At the Bible study tonight, we looked at James 3:1-12. James has been showing us the connection between faith and works, and our speech is another area where the connection between what we believe and how we live needs to be lived out. This passage in many Bibles is headed ‘taming the tongue’ (reminiscent of Sunday’s sermon on meekness, where we learnt about the ‘wild stallion tamed‘.) The passage is not difficult to understand – what is difficult is actually putting it into practice!

James uses examples to paint pictures of how the small body part known as the tongue has influence beyond its size. He talks about the bit used to direct a horse or the rudder used to steer a ship – both seemingly small things that ultimately exercise great control. In the same way, he says, the tongue is just a small part of the body, but makes great boasts. It’s like a spark that sets a whole forest on fire. His language is blunt and unequivocal: “The tongue also is a fire, a world of evil among the parts of the body. It corrupts the whole body, sets the whole course of one’s life on fire, and is itself set on fire by hell.” (James 3:6) He goes on to compare it to ‘a restless evil, full of deadly poison.’ (James 3:7)

The poison comes, he says, when out of the same mouth come both praise and cursing. Our speech to and about God may be pious, but if we are not speaking well to and about men (made in God’s image), there is dissonance.

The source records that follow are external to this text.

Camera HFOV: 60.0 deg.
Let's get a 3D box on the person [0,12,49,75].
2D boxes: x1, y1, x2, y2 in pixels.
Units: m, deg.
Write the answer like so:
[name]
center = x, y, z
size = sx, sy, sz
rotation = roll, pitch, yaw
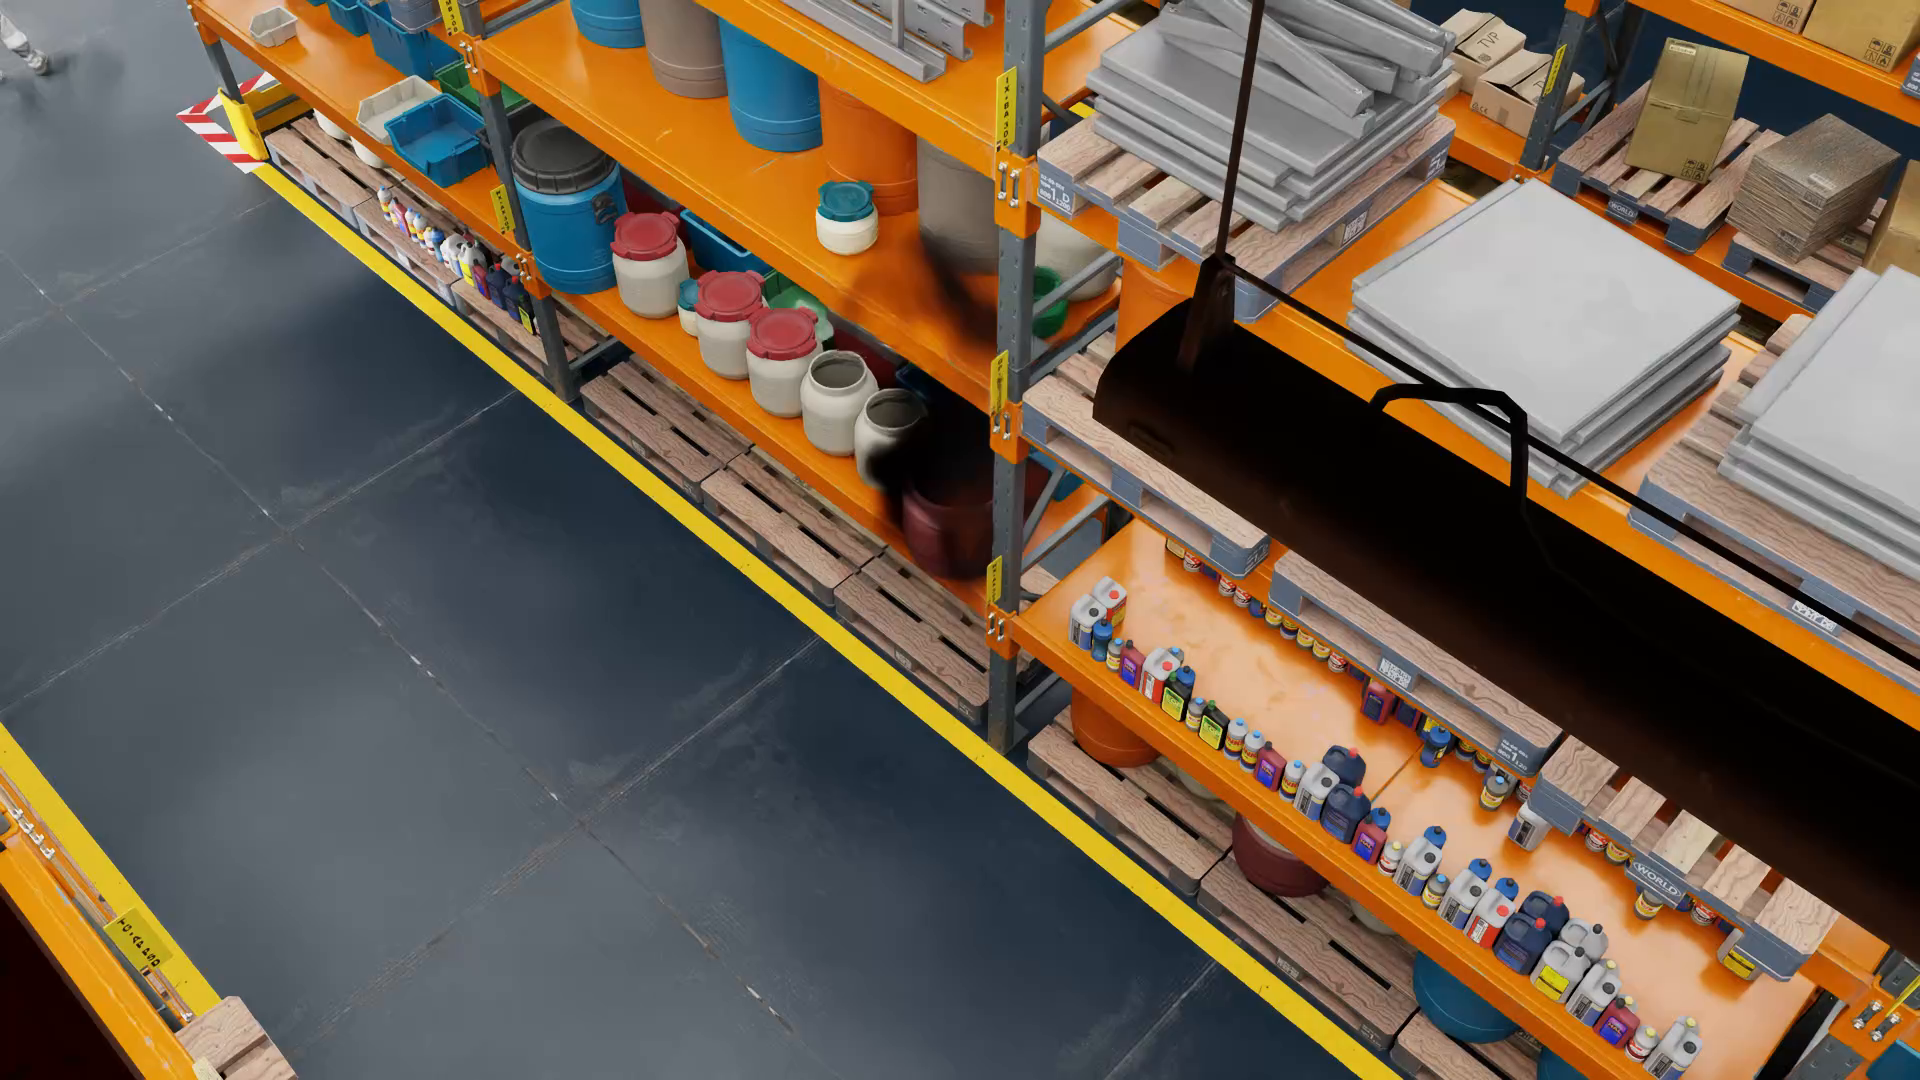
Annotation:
[person]
center = -7.908, -4.348, 12.893
size = 0.910, 1.736, 0.700
rotation = 11, 51, 9
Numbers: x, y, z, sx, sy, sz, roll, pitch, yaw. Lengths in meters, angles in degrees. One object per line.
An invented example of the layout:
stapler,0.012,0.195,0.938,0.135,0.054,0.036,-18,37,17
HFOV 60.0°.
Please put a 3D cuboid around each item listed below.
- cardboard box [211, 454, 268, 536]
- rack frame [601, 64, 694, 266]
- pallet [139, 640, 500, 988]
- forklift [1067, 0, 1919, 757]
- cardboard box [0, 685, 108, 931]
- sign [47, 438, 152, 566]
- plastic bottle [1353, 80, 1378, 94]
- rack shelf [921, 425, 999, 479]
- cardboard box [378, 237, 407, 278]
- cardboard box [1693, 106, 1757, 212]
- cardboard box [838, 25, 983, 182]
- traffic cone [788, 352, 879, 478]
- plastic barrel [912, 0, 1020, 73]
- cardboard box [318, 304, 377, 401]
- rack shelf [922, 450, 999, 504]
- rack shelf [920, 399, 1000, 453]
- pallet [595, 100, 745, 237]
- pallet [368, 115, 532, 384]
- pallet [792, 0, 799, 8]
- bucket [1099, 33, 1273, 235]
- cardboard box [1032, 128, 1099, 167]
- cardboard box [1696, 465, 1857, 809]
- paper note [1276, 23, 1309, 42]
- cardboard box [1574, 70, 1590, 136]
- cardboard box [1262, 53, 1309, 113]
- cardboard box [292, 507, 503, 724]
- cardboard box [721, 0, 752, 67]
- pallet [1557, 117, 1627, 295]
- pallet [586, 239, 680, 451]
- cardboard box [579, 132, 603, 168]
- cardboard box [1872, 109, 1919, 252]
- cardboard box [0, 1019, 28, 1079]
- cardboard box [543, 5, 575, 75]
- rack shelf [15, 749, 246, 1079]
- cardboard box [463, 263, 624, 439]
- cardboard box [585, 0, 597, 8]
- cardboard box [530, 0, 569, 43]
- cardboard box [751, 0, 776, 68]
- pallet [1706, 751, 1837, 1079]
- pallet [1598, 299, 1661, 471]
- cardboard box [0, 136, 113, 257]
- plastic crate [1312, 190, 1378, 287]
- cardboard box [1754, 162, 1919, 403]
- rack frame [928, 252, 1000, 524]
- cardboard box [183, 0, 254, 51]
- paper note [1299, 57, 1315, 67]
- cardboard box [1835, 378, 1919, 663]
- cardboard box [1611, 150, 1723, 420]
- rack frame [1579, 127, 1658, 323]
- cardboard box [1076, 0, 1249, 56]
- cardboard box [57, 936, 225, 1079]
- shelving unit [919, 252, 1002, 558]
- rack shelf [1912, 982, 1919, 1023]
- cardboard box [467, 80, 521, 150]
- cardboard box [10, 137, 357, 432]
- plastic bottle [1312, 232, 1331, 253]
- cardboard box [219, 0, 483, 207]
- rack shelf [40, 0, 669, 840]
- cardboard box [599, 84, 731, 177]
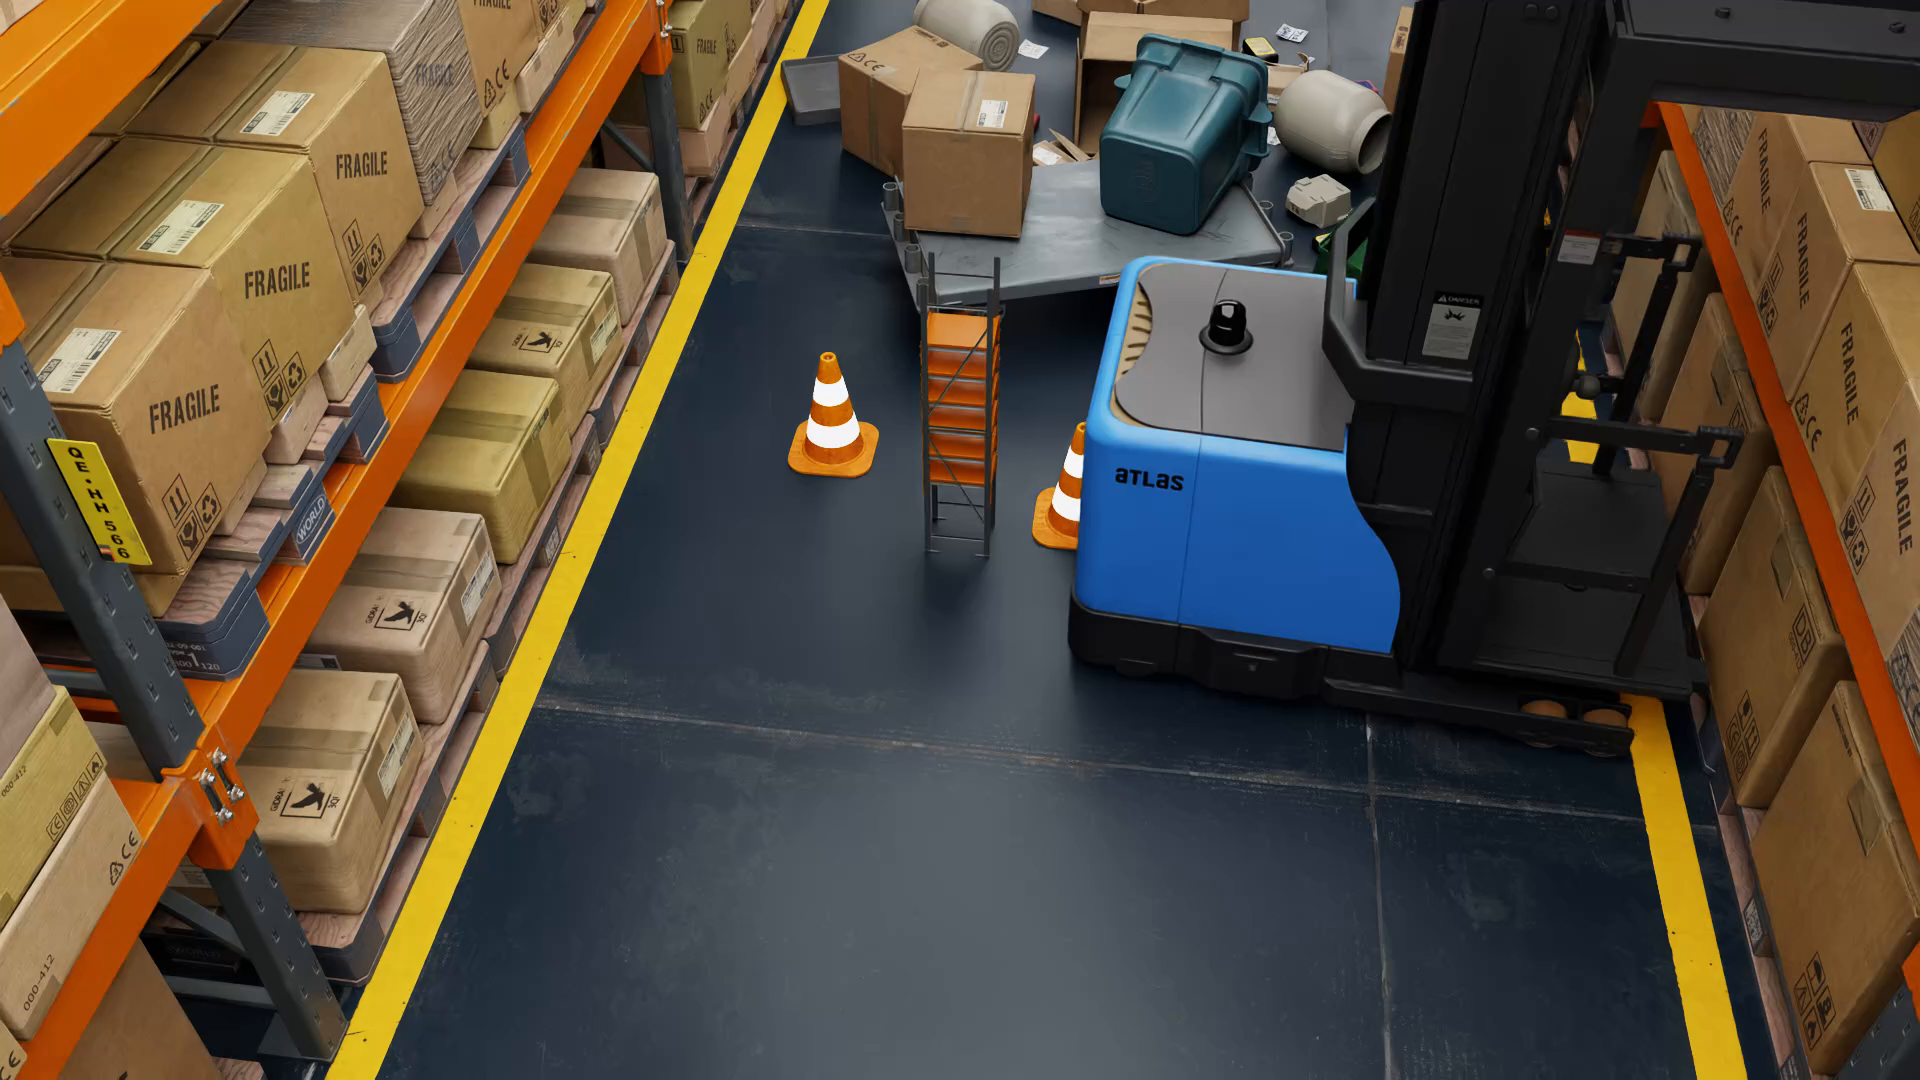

Our lives are not integrated. This kind of disparity can’t continue: ‘my brothers and sisters, this should not be!’ (James 3:10)

We looked at why words are so important
(because they reflect who God is and the medium through which He has chosen to work – see Ps 33:4, 6; Ps 12:6, John 1:1, Genesis 1:1).

We looked also at how our speech often falls short of what God wants it to be (see Ps 55:21, Ps 64:2-4, Prov 12:18, Prov 18:8, Eccl 5:3, Matt 12:36-37).

We also looked at what our speech should be like: how we need to meditate on God’s word and pray that our words will be pleasing to Him (Ps 19:14), how we must hide His word in our hearts so that we do not sin against God (Ps 119:11), how we must live not on bread alone but on every word that proceeds from the mouth of God (Matt 4:4) and how a gentle answer can turn away wrath (Prov 15:1). Jesus, in the parable of the wise and foolish builders, showed us that the difference between wisdom and folly really lies in whether we put His words into practice or not (Matt 7:24-26). James has had much to say about this already in James 1!

Words are powerful and can be used for good purposes or bad ones. We can use words thoughtlessly, unwisely, rashly, hastily, cruelly, unkindly, jokingly, tactlessly…. Sometimes it’s not just about the actual words we say but how we say them that matters! Quite often, we need to be quicker to listen than to speak and learn to think before we speak, for after all, words are only the overflow of the heart. They reveal what is within.

The real problem we face is not our words. Our words may well be the symptom; the disease is an unsurrendered heart (see Matt 12:33-37; Mark 7:20-23). Just as a leopard cannot change its spots, so the taming of the tongue is beyond our human strength (see Jer 13:24; James 3:8). We have to raise our white flag in surrender to God before ever we can hope to gain mastery over our speech, for we need to have the mind of Christ formed in us if we are to live the kind of life He calls us to.